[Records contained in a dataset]
*** Begin section ***

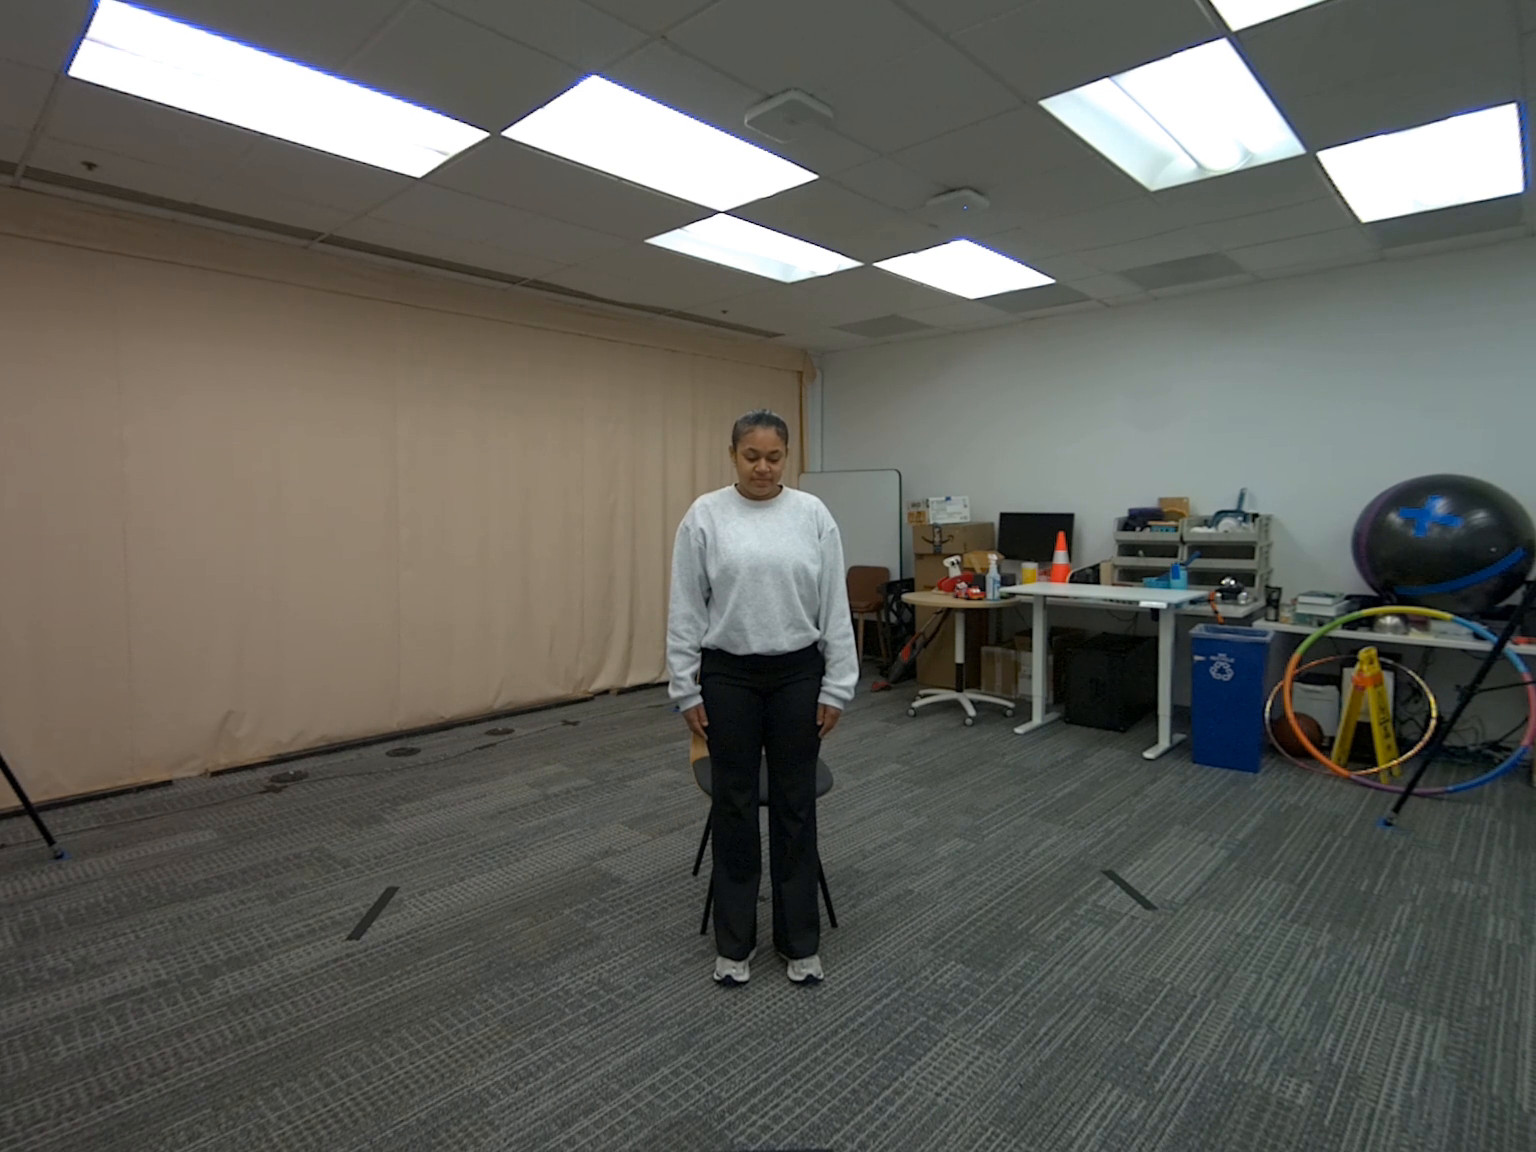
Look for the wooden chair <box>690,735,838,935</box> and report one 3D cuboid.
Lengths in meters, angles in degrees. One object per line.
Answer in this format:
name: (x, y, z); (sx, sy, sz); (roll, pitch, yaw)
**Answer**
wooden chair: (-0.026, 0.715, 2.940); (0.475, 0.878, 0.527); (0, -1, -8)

*** End section ***
*** Begin section ***

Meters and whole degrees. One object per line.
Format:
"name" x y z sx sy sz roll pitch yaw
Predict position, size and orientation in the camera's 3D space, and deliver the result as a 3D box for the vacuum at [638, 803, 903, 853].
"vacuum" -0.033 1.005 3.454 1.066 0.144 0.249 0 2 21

*** End section ***

Within the data above, filter for lines containing the word "roll" and copy each one.

name: (x, y, z); (sx, sy, sz); (roll, pitch, yaw)
"name" x y z sx sy sz roll pitch yaw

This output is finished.